** The problem **
Only the stretch below from the line holding "Relay a brief, clear" through the line holding "What type of" should be restated, word for word and with both ends included; pictures stay out.

[Dataset items]

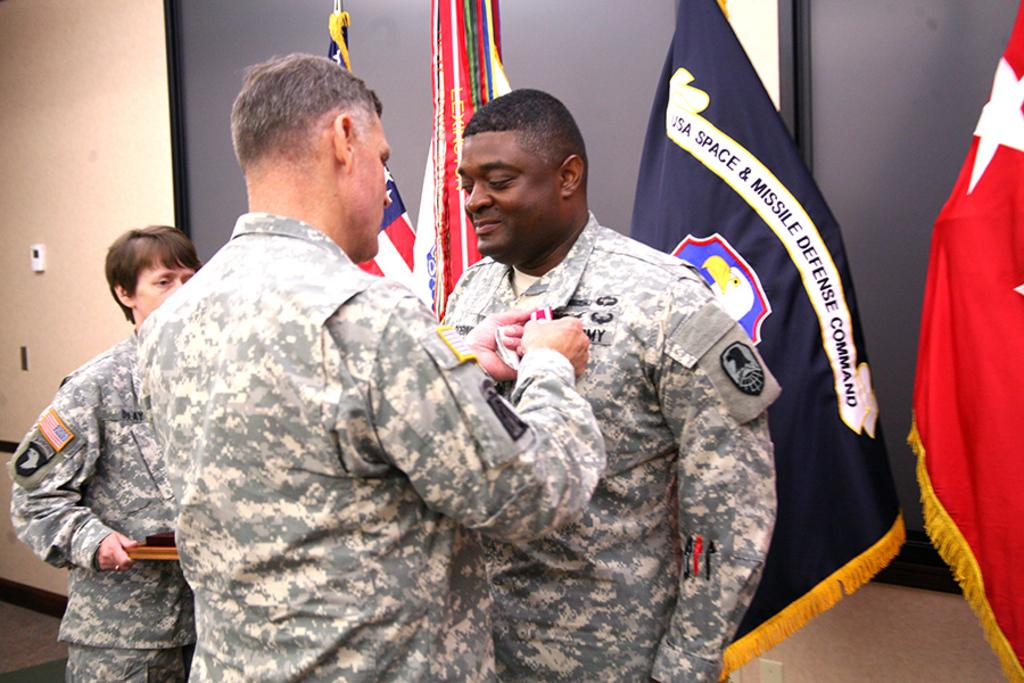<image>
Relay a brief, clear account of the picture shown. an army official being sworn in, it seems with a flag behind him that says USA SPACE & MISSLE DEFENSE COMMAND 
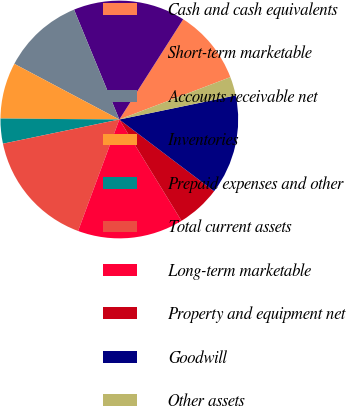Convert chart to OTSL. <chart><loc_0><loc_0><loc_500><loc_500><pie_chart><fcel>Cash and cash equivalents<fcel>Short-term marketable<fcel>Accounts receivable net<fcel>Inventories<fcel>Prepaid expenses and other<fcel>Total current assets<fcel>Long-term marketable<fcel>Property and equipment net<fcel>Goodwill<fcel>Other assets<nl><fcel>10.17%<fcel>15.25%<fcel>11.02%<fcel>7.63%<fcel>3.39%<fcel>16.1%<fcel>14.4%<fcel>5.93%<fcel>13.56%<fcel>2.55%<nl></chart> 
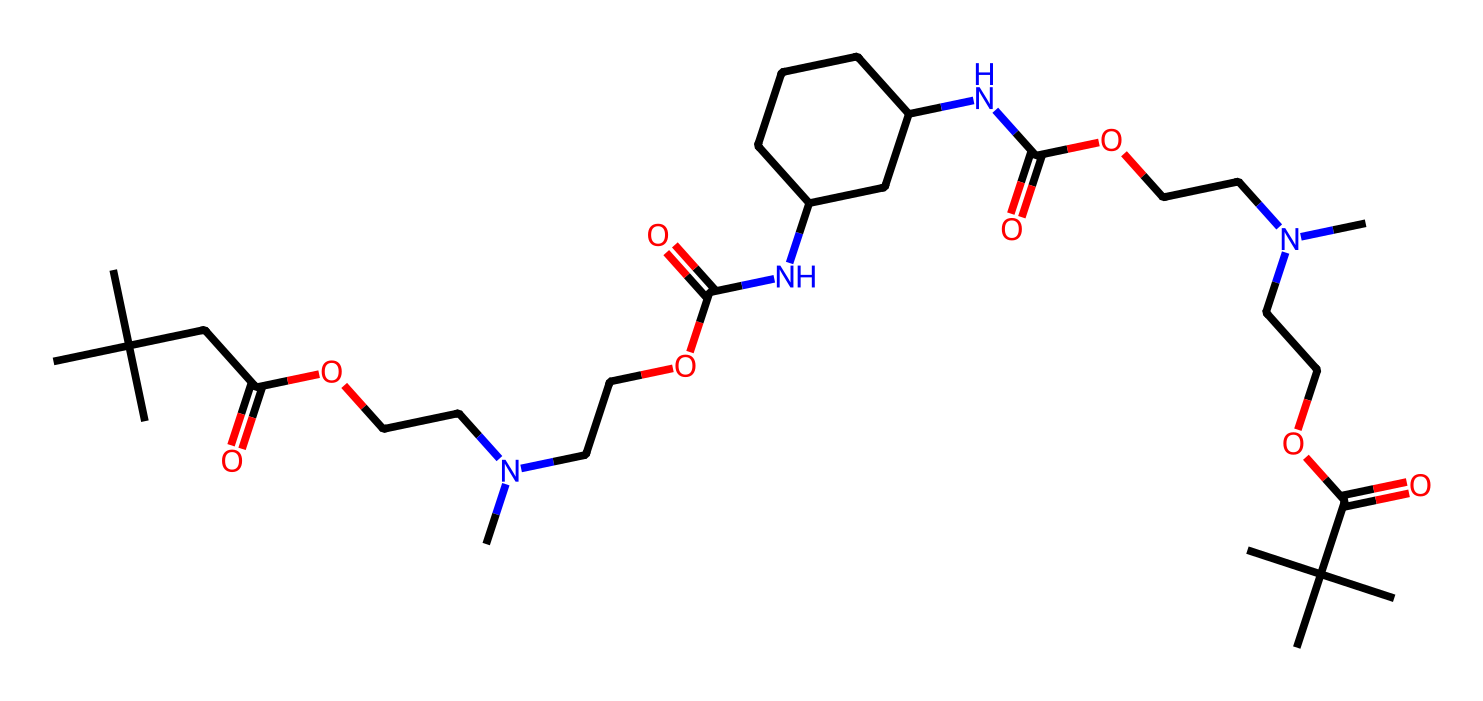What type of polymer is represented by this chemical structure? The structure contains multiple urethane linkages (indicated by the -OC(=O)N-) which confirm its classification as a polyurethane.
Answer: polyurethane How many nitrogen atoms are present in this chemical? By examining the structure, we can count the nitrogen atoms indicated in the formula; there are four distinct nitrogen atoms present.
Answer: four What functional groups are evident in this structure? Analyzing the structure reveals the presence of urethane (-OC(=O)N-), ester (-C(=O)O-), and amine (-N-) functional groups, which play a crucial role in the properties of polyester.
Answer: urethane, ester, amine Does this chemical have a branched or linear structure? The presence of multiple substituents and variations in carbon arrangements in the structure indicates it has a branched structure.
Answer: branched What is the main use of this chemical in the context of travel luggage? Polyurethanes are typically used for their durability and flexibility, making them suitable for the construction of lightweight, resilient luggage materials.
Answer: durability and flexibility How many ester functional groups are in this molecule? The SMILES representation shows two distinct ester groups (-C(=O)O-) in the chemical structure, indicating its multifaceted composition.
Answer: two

** Response **
Relay a brief, clear account of the picture shown. an army official being sworn in, it seems with a flag behind him that says USA SPACE & MISSLE DEFENSE COMMAND 
Convert chart to OTSL. <chart><loc_0><loc_0><loc_500><loc_500><pie_chart><fcel>Cash and cash equivalents<fcel>Short-term marketable<fcel>Accounts receivable net<fcel>Inventories<fcel>Prepaid expenses and other<fcel>Total current assets<fcel>Long-term marketable<fcel>Property and equipment net<fcel>Goodwill<fcel>Other assets<nl><fcel>10.17%<fcel>15.25%<fcel>11.02%<fcel>7.63%<fcel>3.39%<fcel>16.1%<fcel>14.4%<fcel>5.93%<fcel>13.56%<fcel>2.55%<nl></chart> 
What type of polymer is represented by this chemical structure? The structure contains multiple urethane linkages (indicated by the -OC(=O)N-) which confirm its classification as a polyurethane.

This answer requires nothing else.